**PROBLEM TO SOLVE:**
Reproduce exactly the line containing "Boxes around wall defects, picture size 1000x751." and each line after it until the listing ends, leaving pictures out.

**INFORMATION SHOWN:**
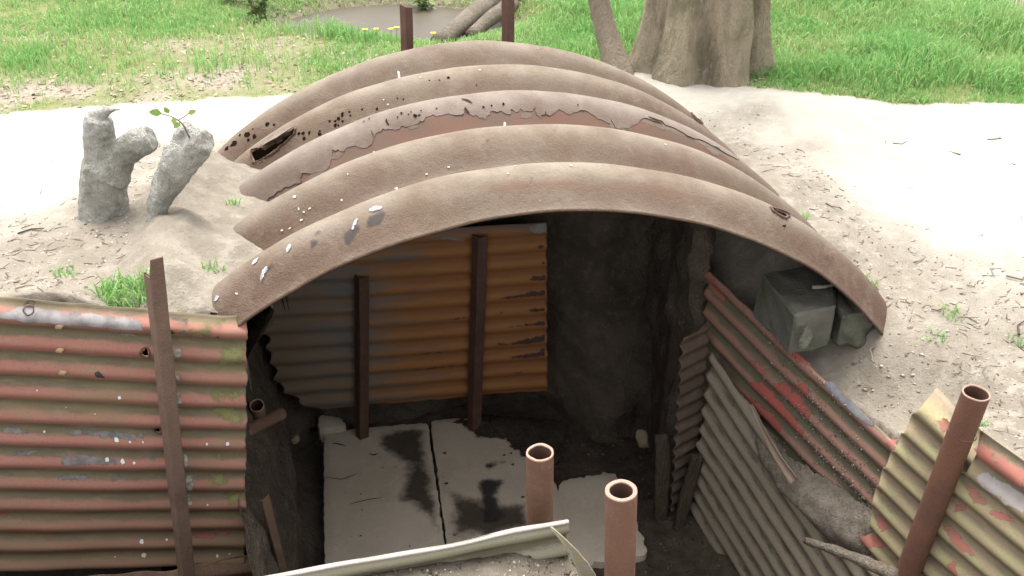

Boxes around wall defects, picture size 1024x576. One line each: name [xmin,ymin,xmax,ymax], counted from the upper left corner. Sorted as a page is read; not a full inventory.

spalling [297,107,378,140]
corrosion [239,90,739,202]
peeling [0,307,143,331]
spalling [775,326,812,365]
peeling [744,360,810,437]
peeling [823,382,875,426]
leakage [382,430,434,513]
leakage [456,480,526,534]
peeling [859,513,890,548]
peeling [944,526,975,576]
peeling [955,473,1024,522]
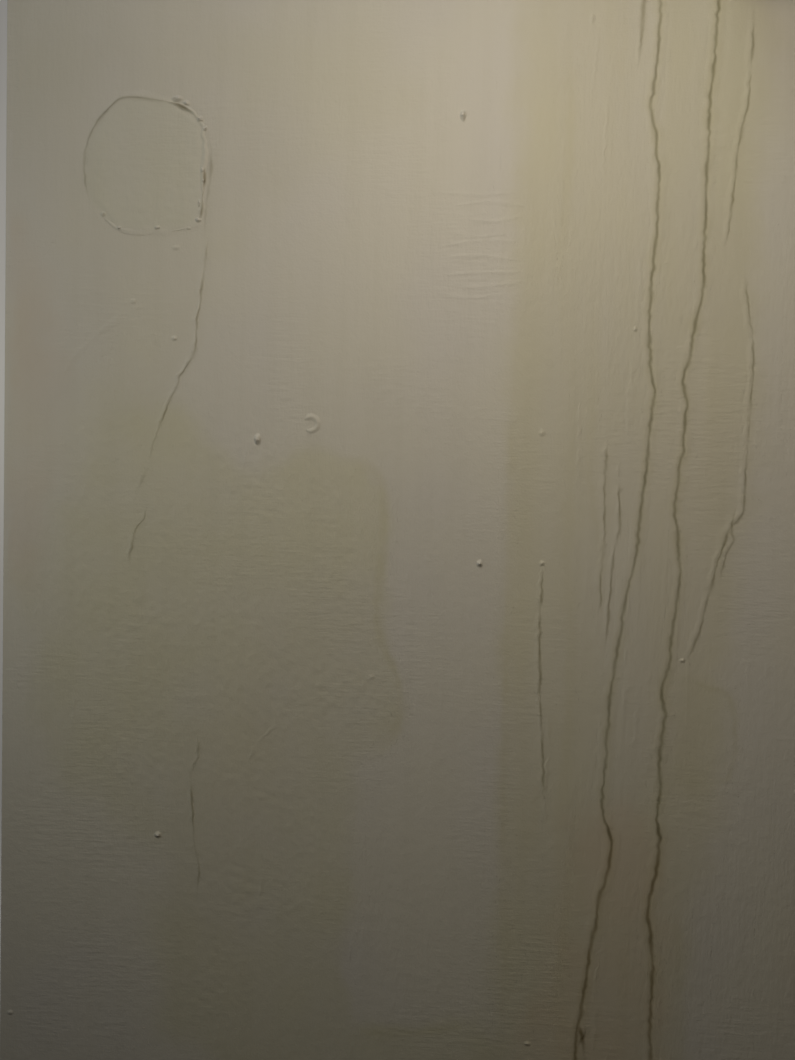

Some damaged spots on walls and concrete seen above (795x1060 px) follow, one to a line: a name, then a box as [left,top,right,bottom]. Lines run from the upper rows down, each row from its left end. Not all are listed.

crack [125,239,210,562]
crack [565,0,756,1060]
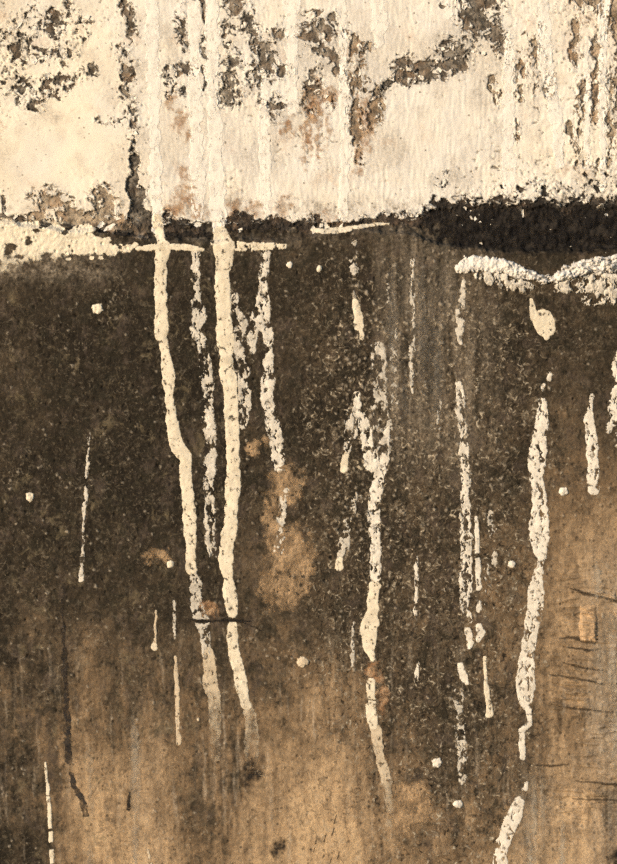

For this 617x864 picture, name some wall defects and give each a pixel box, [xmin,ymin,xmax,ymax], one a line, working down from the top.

peeling [0,0,209,272]
flaking render [218,0,617,234]
damp [0,201,617,864]
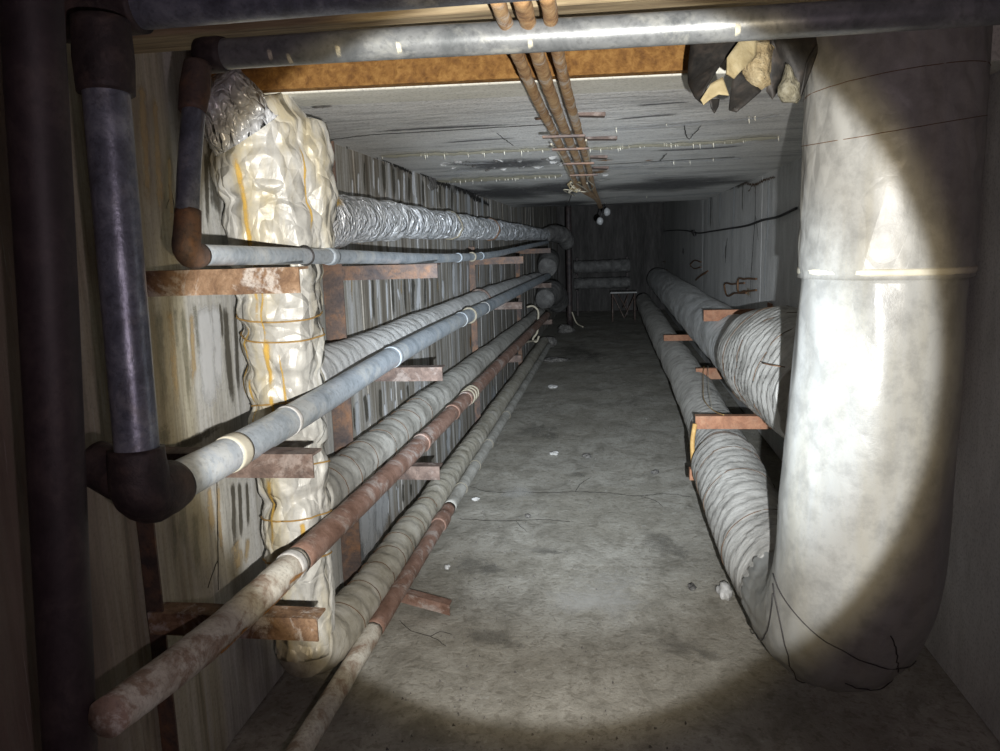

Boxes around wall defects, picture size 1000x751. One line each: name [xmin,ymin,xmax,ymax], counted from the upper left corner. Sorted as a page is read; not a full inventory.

damp [352,136,779,216]
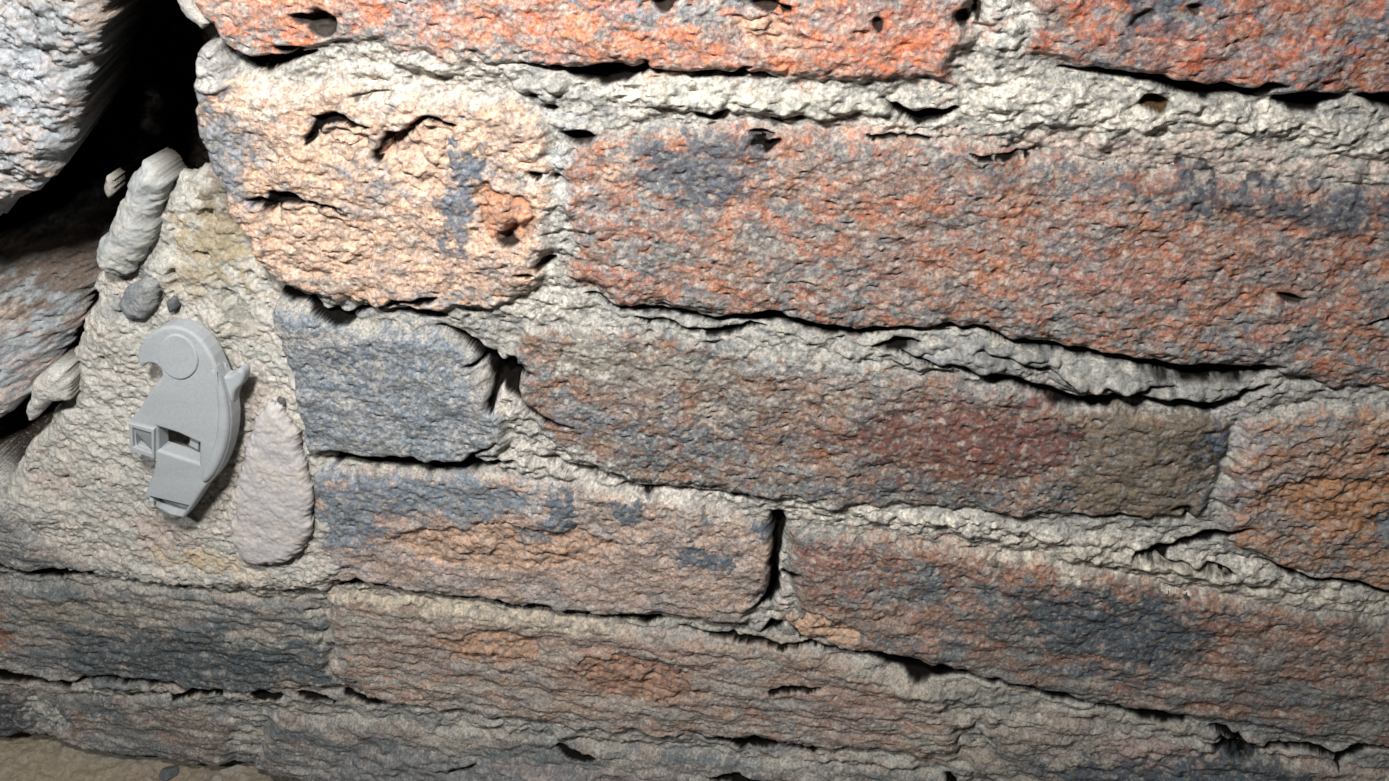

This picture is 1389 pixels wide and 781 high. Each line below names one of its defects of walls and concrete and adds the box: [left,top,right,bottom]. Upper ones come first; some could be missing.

crack [304,90,456,163]
crack [282,285,664,494]
crack [589,291,1270,410]
crack [341,577,366,585]
crack [495,488,1382,771]
crack [693,731,817,781]
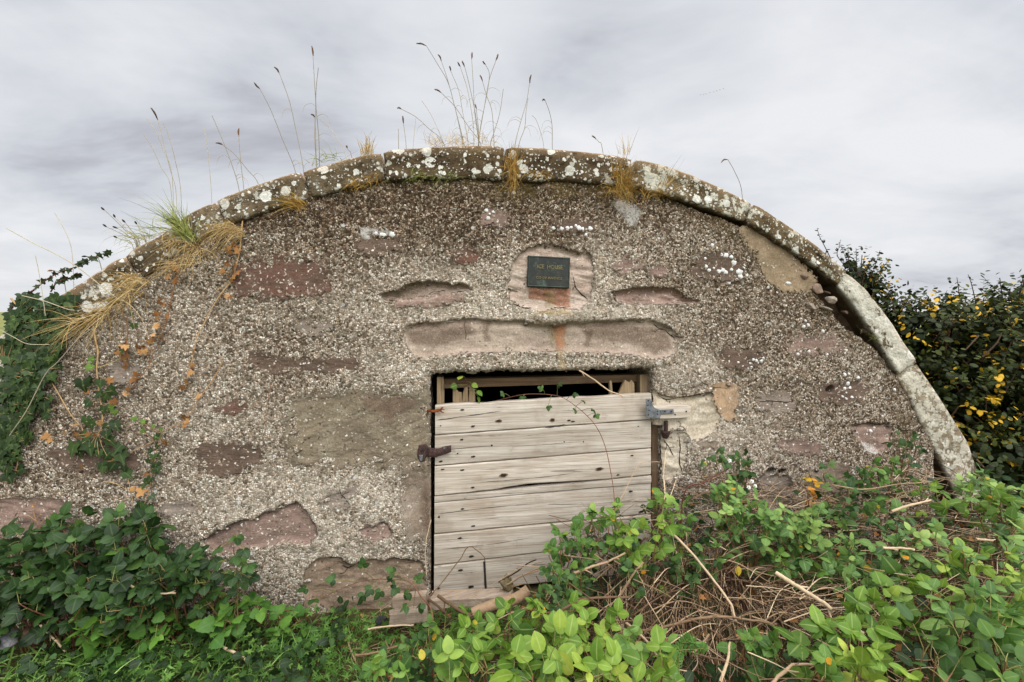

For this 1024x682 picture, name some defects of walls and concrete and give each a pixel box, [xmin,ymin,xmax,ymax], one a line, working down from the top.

peeling [688,226,818,295]
peeling [281,385,431,543]
peeling [651,340,767,480]
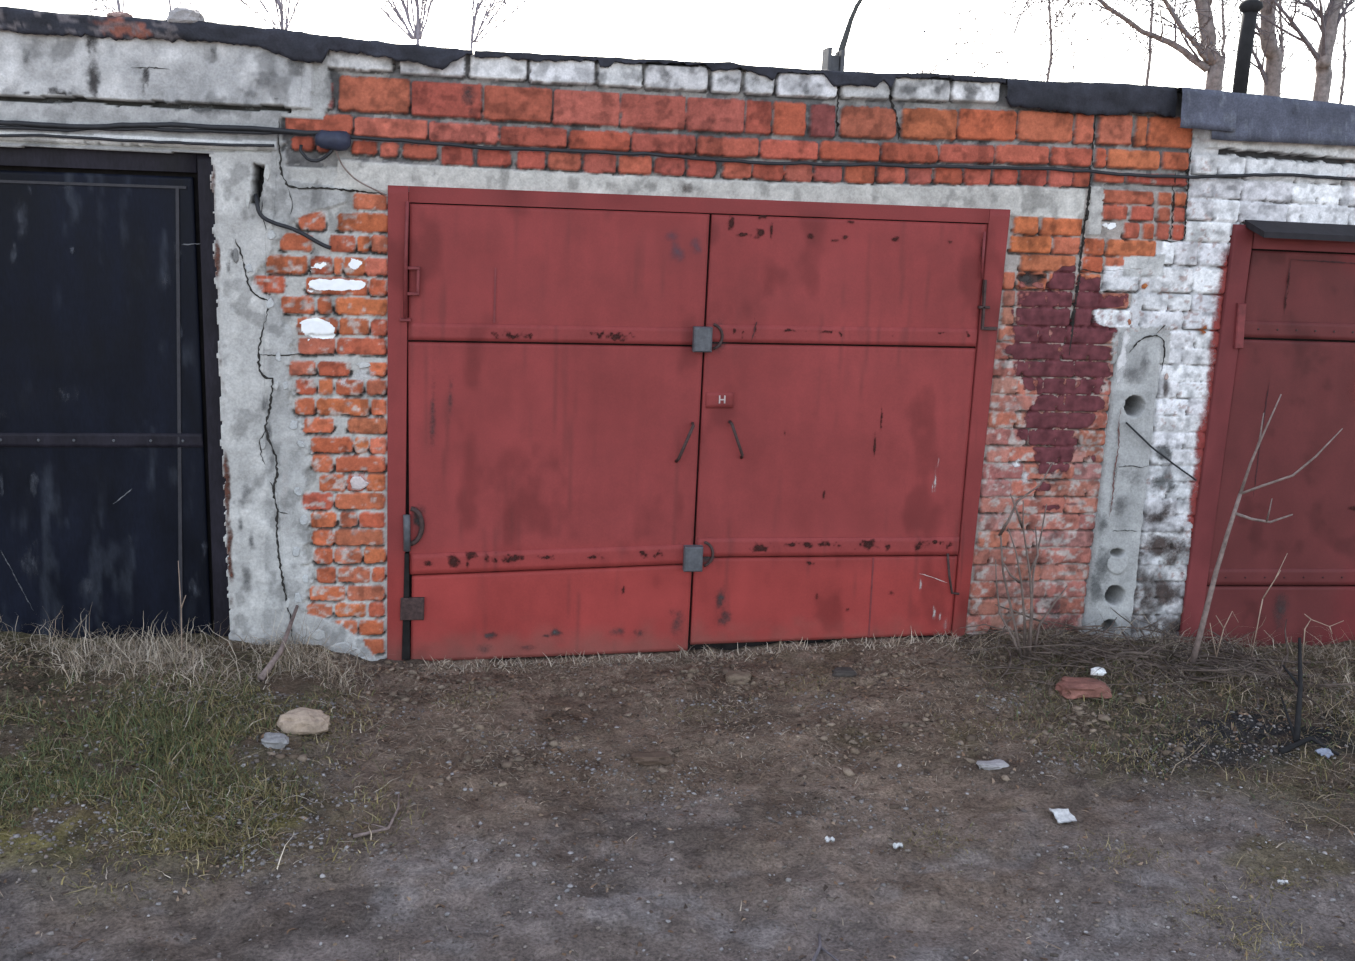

**FINISHED TASK:**
Boxes around wall defects, picture size 1000x751. One line each: name [xmin,ymin,xmax,ymax], counted from the upper left corner. Sorted as a page is read; not a full inventory.

damp [352,136,779,216]

This picture is 1389 pixels wide and 781 high. Each line below names one of its defects of walls and concrete and adds the box: [left,top,right,bottom]. Upper ones come first; some could be missing.

crack [304,90,456,163]
crack [282,285,664,494]
crack [589,291,1270,410]
crack [341,577,366,585]
crack [495,488,1382,771]
crack [693,731,817,781]

For this 1024x682 picture, name some defects of walls and concrete and give each a pixel box, [xmin,ymin,xmax,ymax], one a line, working down from the top.

peeling [688,226,818,295]
peeling [281,385,431,543]
peeling [651,340,767,480]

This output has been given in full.